● Task goal
Pick out each line of the records in which the word "listed" appears.

····················

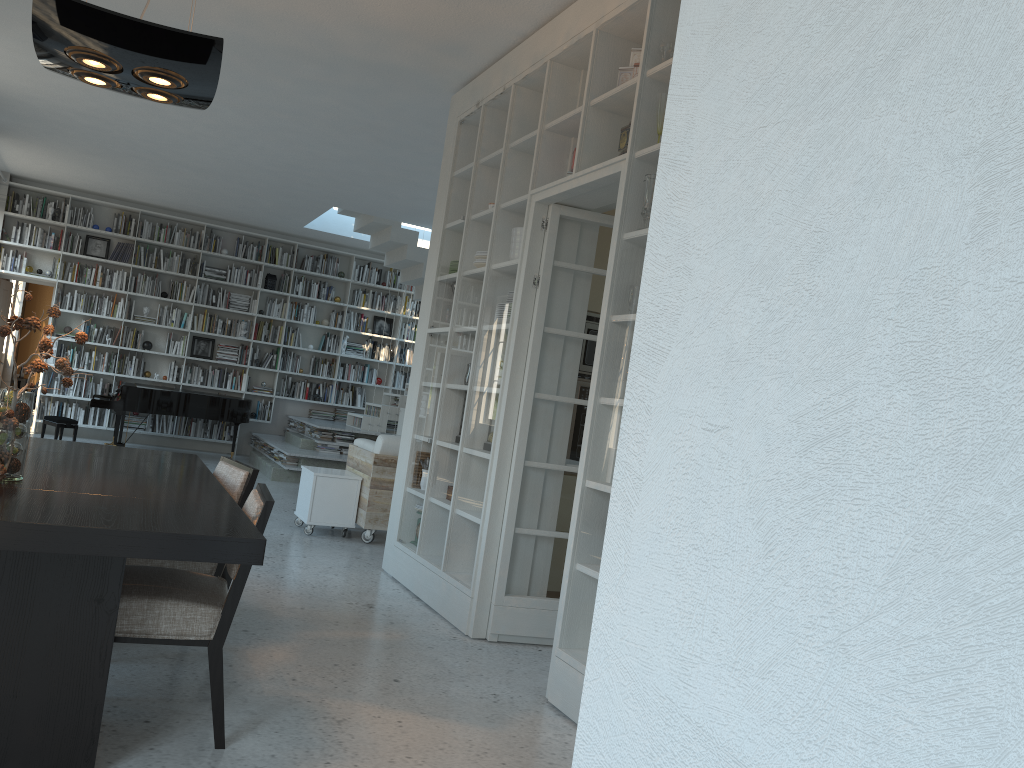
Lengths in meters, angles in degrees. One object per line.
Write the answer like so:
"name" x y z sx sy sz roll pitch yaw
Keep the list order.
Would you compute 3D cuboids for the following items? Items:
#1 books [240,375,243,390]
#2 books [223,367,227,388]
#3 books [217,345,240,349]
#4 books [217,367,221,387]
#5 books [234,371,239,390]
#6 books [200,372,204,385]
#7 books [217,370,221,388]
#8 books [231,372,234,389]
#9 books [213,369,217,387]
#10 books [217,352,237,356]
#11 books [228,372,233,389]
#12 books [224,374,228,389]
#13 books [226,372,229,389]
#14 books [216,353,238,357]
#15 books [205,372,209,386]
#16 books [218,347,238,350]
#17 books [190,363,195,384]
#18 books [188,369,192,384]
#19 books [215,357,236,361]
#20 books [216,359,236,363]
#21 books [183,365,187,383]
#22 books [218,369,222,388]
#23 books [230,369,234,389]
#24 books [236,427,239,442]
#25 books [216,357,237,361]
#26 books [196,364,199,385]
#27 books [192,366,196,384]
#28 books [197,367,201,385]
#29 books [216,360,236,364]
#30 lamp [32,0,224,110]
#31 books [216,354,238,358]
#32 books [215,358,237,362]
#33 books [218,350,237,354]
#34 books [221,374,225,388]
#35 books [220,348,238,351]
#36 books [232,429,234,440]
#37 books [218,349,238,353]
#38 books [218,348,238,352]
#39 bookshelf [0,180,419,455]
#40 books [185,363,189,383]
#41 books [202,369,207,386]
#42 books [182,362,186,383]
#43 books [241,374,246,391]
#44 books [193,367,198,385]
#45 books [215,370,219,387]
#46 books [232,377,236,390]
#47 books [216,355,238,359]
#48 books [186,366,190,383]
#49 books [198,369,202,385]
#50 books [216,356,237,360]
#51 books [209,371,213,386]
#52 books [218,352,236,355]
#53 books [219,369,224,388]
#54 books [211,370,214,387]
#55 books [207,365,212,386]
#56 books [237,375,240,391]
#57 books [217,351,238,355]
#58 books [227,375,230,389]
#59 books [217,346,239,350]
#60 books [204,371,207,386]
"books" -3.862 -0.015 12.607 0.011 0.216 0.166 9 -1 -24
"books" -4.063 -0.088 12.521 0.012 0.296 0.177 9 -1 -24
"books" -4.009 -0.525 12.527 0.285 0.012 0.159 9 -2 -29
"books" -4.146 -0.095 12.505 0.014 0.286 0.134 9 -1 -24
"books" -3.916 -0.052 12.592 0.026 0.272 0.175 9 -1 -24
"books" -4.338 -0.075 12.385 0.029 0.184 0.174 9 -1 -24
"books" -4.135 -0.076 12.504 0.011 0.251 0.158 9 -1 -24
"books" -3.971 -0.052 12.581 0.014 0.256 0.145 9 -1 -24
"books" -4.191 -0.086 12.489 0.025 0.254 0.136 9 -1 -24
"books" -4.025 -0.417 12.525 0.285 0.012 0.159 9 -2 -19
"books" -3.994 -0.045 12.550 0.023 0.234 0.174 9 -1 -24
"books" -4.052 -0.041 12.525 0.024 0.207 0.183 9 -1 -24
"books" -4.037 -0.052 12.543 0.014 0.235 0.154 9 -1 -24
"books" -4.030 -0.406 12.532 0.285 0.012 0.159 9 -2 -22
"books" -4.277 -0.071 12.418 0.023 0.196 0.165 9 -1 -24
"books" -4.014 -0.501 12.529 0.254 0.012 0.160 9 -2 -28
"books" -4.467 -0.148 12.362 0.027 0.290 0.140 9 -1 -24
"books" -4.488 -0.111 12.336 0.024 0.208 0.170 9 -1 -24
"books" -4.039 -0.347 12.533 0.285 0.012 0.159 9 -2 -25
"books" -4.042 -0.323 12.530 0.254 0.012 0.161 9 -2 -22
"books" -4.547 -0.138 12.315 0.029 0.244 0.154 9 -1 -24
"books" -4.120 -0.079 12.499 0.010 0.261 0.181 9 -1 -24
"books" -3.978 -0.072 12.569 0.014 0.293 0.137 9 -1 -24
"books" -3.911 0.680 12.554 0.038 0.269 0.277 9 -2 -24
"books" -4.034 -0.358 12.524 0.285 0.012 0.159 9 -2 -19
"books" -4.392 -0.133 12.367 0.013 0.282 0.166 9 -1 -24
"books" -4.444 -0.123 12.367 0.024 0.247 0.132 9 -1 -24
"books" -4.387 -0.113 12.391 0.021 0.244 0.141 9 -1 -24
"books" -4.042 -0.311 12.526 0.254 0.012 0.160 9 -2 -28
"lamp" -1.142 -1.568 2.842 0.530 1.221 0.796 9 -1 -24
"books" -4.032 -0.394 12.534 0.285 0.012 0.159 9 -2 -23
"books" -4.037 -0.335 12.524 0.285 0.012 0.159 9 -2 -29
"books" -4.022 -0.453 12.530 0.254 0.012 0.161 9 -2 -21
"books" -4.088 -0.044 12.523 0.021 0.202 0.128 9 -1 -24
"books" -4.017 -0.489 12.531 0.254 0.012 0.160 9 -2 -27
"books" -3.972 0.717 12.604 0.023 0.182 0.148 9 -1 -24
"books" -4.020 -0.465 12.531 0.254 0.012 0.160 9 -2 -27
"books" -4.017 -0.477 12.529 0.254 0.012 0.160 9 -2 -28
"bookshelf" -3.909 -0.565 12.509 6.301 3.141 0.330 9 -1 -24
"books" -4.523 -0.150 12.317 0.011 0.275 0.145 9 -1 -24
"books" -4.311 -0.098 12.404 0.029 0.238 0.165 9 -1 -24
"books" -4.563 -0.161 12.309 0.012 0.285 0.159 9 -1 -24
"books" -3.828 -0.025 12.616 0.033 0.246 0.176 9 -1 -24
"books" -4.414 -0.118 12.362 0.027 0.245 0.179 9 -1 -24
"books" -4.157 -0.077 12.474 0.026 0.245 0.191 9 -1 -24
"books" -3.950 -0.012 12.566 0.023 0.183 0.169 9 -1 -24
"books" -4.035 -0.382 12.536 0.285 0.012 0.159 9 -2 -24
"books" -4.505 -0.127 12.314 0.027 0.234 0.167 9 -1 -24
"books" -4.360 -0.095 12.379 0.023 0.217 0.174 9 -1 -24
"books" -4.032 -0.371 12.525 0.254 0.012 0.160 9 -2 -29
"books" -4.239 -0.077 12.459 0.025 0.220 0.140 9 -1 -24
"books" -4.023 -0.429 12.526 0.254 0.012 0.160 9 -2 -29
"books" -4.100 -0.077 12.500 0.028 0.264 0.161 9 -1 -24
"books" -4.211 -0.081 12.463 0.031 0.237 0.158 9 -1 -24
"books" -4.253 -0.115 12.441 0.026 0.291 0.152 9 -1 -24
"books" -3.885 -0.017 12.595 0.042 0.212 0.169 9 -1 -24
"books" -4.021 -0.441 12.526 0.285 0.012 0.159 9 -2 -19
"books" -4.017 -0.034 12.540 0.023 0.204 0.167 9 -1 -24
"books" -4.014 -0.514 12.534 0.285 0.012 0.159 9 -2 -22
"books" -4.296 -0.091 12.422 0.013 0.230 0.138 9 -1 -24
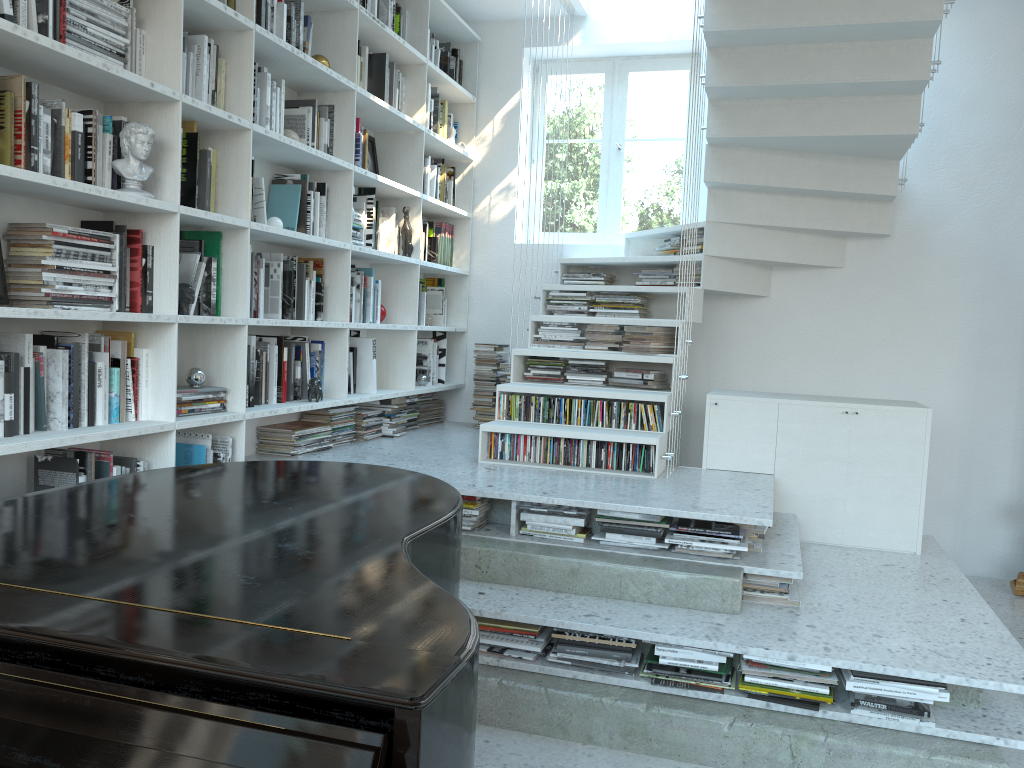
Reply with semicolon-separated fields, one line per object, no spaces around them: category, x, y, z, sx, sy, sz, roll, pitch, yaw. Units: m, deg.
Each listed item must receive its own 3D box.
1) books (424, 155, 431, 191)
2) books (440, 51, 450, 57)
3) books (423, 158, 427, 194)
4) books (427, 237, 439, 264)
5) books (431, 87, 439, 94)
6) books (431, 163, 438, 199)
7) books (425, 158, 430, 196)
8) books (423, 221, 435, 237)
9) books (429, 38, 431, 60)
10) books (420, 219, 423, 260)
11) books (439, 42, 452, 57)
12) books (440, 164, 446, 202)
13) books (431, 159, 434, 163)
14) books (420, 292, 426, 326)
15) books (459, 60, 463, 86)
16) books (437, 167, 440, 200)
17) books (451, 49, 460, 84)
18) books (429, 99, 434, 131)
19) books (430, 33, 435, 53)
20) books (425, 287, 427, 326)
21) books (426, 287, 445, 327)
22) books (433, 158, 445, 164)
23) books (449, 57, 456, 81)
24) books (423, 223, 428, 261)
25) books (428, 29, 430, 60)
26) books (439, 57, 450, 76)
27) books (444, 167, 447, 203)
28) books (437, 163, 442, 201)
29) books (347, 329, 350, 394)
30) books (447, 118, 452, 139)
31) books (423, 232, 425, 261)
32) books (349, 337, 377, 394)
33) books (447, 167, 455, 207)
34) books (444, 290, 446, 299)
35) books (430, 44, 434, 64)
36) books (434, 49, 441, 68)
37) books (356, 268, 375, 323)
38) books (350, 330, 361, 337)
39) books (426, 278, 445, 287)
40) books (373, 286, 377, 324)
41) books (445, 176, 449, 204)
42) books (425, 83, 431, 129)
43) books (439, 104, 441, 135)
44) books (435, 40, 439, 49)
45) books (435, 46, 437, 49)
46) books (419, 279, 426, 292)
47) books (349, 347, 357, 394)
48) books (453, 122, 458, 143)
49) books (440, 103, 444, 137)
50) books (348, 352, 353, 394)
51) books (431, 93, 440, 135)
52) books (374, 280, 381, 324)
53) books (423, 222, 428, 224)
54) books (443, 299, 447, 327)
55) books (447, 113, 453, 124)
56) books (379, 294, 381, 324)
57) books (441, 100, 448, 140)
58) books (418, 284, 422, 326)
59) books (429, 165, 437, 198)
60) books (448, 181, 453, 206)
books;-0.580;-1.236;5.370;0.166;0.284;0.030;4;4;16
books;-0.481;-1.962;5.565;0.160;0.247;0.068;4;4;16
books;-0.592;-1.221;5.323;0.156;0.259;0.024;4;4;16
books;-0.550;-0.821;5.498;0.191;0.181;0.024;4;4;16
books;-0.513;-1.600;5.246;0.152;0.297;0.022;4;4;16
books;-0.549;-1.229;5.478;0.184;0.258;0.023;4;4;16
books;-0.583;-1.224;5.344;0.172;0.263;0.022;4;4;16
books;-0.567;-0.872;5.526;0.170;0.278;0.026;4;4;16
books;-0.557;-1.944;5.302;0.143;0.237;0.025;4;4;16
books;-0.620;-0.852;5.290;0.176;0.262;0.056;4;4;16
books;-0.467;-1.998;5.614;0.161;0.314;0.014;4;4;16
books;-0.512;-1.243;5.589;0.188;0.277;0.013;4;4;16
books;-0.557;-1.248;5.514;0.132;0.292;0.024;4;4;16
books;-0.611;-0.463;5.426;0.174;0.205;0.021;4;4;16
books;-0.415;-1.964;5.722;0.187;0.237;0.025;4;4;16
books;-0.533;-1.230;5.563;0.160;0.253;0.025;4;4;16
books;-0.429;-1.985;5.652;0.189;0.287;0.014;4;4;16
books;-0.546;-1.542;5.121;0.189;0.194;0.024;4;4;16
books;-0.547;-1.972;5.367;0.159;0.285;0.012;4;4;16
books;-0.607;-0.484;5.488;0.166;0.240;0.013;4;4;16
books;-0.520;-0.506;5.788;0.161;0.254;0.012;4;4;16
books;-0.504;-1.275;5.680;0.140;0.330;0.013;4;4;16
books;-0.451;-1.947;5.599;0.192;0.216;0.012;4;4;16
books;-0.600;-0.849;5.379;0.181;0.247;0.022;4;4;16
books;-0.576;-1.955;5.238;0.179;0.264;0.029;4;4;16
books;-0.479;-1.932;5.519;0.186;0.193;0.024;4;4;16
books;-0.504;-1.239;5.608;0.173;0.268;0.028;4;4;16
books;-0.519;-1.246;5.577;0.151;0.283;0.012;4;4;16
books;-0.911;-0.118;4.519;0.168;0.333;0.014;4;4;16
books;-0.472;-1.582;5.654;0.180;0.214;0.023;4;4;16
books;-0.611;-0.818;5.330;0.169;0.189;0.023;4;4;16
books;-0.835;-0.100;4.641;0.255;0.291;0.075;4;4;16
books;-0.461;-1.259;5.760;0.186;0.292;0.042;4;4;16
books;-0.510;-0.499;5.830;0.152;0.237;0.022;4;4;16
books;-0.550;-1.932;5.342;0.163;0.208;0.026;4;4;16
books;-0.527;-1.937;5.415;0.163;0.212;0.057;4;4;16
books;-0.821;-0.471;4.708;0.181;0.290;0.026;4;4;16
books;-0.872;-0.124;4.712;0.136;0.326;0.012;4;4;16
books;-0.511;-0.539;5.846;0.129;0.315;0.013;4;4;16
books;-0.816;-0.428;4.749;0.189;0.201;0.030;4;4;16
books;-0.496;-1.212;5.635;0.188;0.212;0.025;4;4;16
books;-0.560;-1.573;5.047;0.189;0.263;0.026;4;4;16
books;-0.514;-1.556;5.267;0.184;0.206;0.014;4;4;16
books;-0.515;-1.973;5.479;0.131;0.277;0.068;4;4;16
books;-0.529;-1.951;5.449;0.131;0.236;0.010;4;4;16
books;-0.612;-0.504;5.440;0.161;0.285;0.011;4;4;16
books;-0.892;-0.075;4.604;0.171;0.239;0.031;4;4;16
books;-0.433;-1.587;5.755;0.170;0.217;0.011;4;4;16
books;-0.496;-1.566;5.311;0.174;0.222;0.013;4;4;16
books;-0.904;-0.061;4.555;0.184;0.217;0.052;4;4;16
books;-0.516;-1.577;5.225;0.189;0.254;0.023;4;4;16
books;-0.803;-0.449;4.810;0.181;0.236;0.025;4;4;16
books;-0.602;-0.857;5.406;0.171;0.259;0.029;4;4;16
books;-0.508;-0.470;5.808;0.167;0.181;0.028;4;4;16
books;-0.467;-1.607;5.702;0.163;0.258;0.029;4;4;16
books;-0.797;-0.444;4.836;0.170;0.223;0.027;4;4;16
books;-0.510;-1.578;5.343;0.247;0.242;0.042;4;4;16
books;-0.634;-0.478;5.307;0.184;0.249;0.027;4;4;16
books;-0.553;-1.220;5.444;0.177;0.245;0.045;4;4;16
books;-0.474;-1.208;5.710;0.192;0.195;0.029;4;4;16
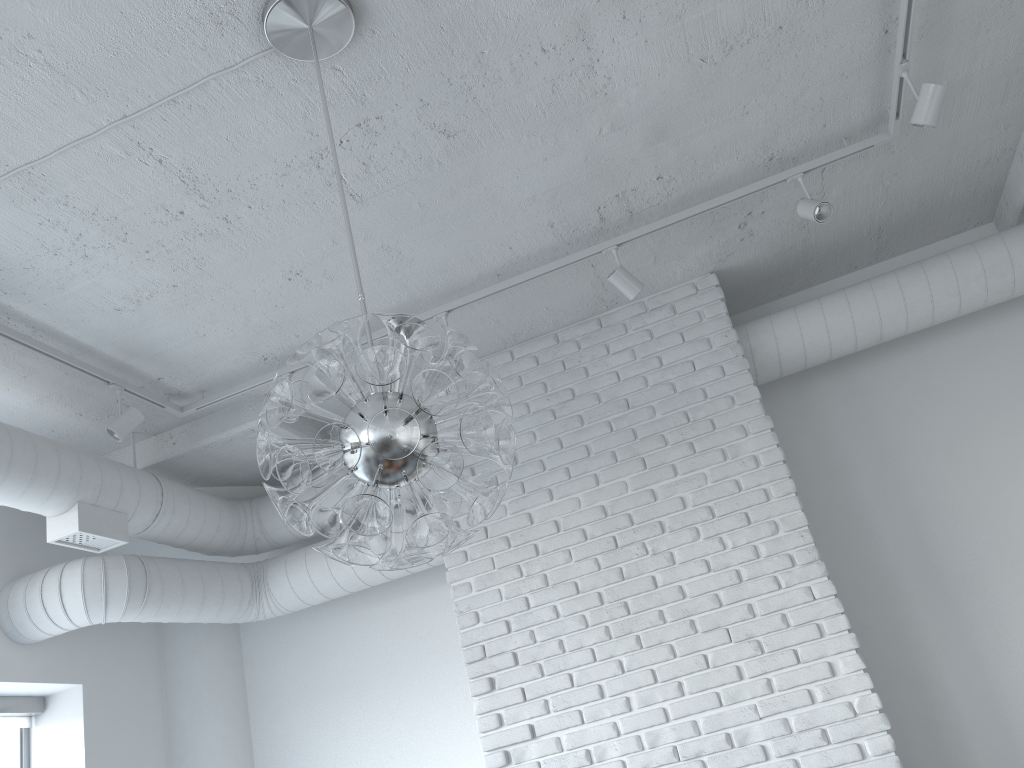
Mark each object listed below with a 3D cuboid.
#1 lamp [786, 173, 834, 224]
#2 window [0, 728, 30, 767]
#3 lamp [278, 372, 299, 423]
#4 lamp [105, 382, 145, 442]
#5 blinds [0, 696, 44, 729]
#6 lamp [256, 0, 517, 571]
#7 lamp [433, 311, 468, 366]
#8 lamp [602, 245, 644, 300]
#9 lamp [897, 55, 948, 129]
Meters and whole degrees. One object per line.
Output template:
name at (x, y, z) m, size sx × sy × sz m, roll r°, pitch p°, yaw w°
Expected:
lamp at (1.177, -0.743, 3.524) m, size 0.093 × 0.285 × 0.154 m, roll -11°, pitch -24°, yaw -8°
window at (-3.049, 1.193, 2.221) m, size 0.107 × 2.340 × 4.566 m, roll -20°, pitch -24°, yaw 12°
lamp at (-1.005, 0.053, 4.023) m, size 0.095 × 0.285 × 0.154 m, roll -19°, pitch -24°, yaw 10°
lamp at (-1.653, 0.110, 3.781) m, size 0.154 × 0.285 × 0.087 m, roll -3°, pitch -27°, yaw -25°
blinds at (-2.481, 1.469, 3.962) m, size 0.086 × 0.130 × 0.903 m, roll -20°, pitch -24°, yaw 12°
lamp at (-0.382, -0.320, 2.128) m, size 0.552 × 1.546 × 0.552 m, roll -15°, pitch -24°, yaw 1°
lamp at (-0.273, -0.213, 3.858) m, size 0.154 × 0.285 × 0.090 m, roll -7°, pitch -25°, yaw -17°
lamp at (0.451, -0.477, 3.693) m, size 0.154 × 0.285 × 0.097 m, roll 2°, pitch -29°, yaw -33°
lamp at (1.408, -1.013, 3.067) m, size 0.104 × 0.285 × 0.154 m, roll 2°, pitch -29°, yaw -33°

····················

● Answer for this exercise
Each listed item must receive its own 3D box.
Mark each object listed below with a 3D cuboid.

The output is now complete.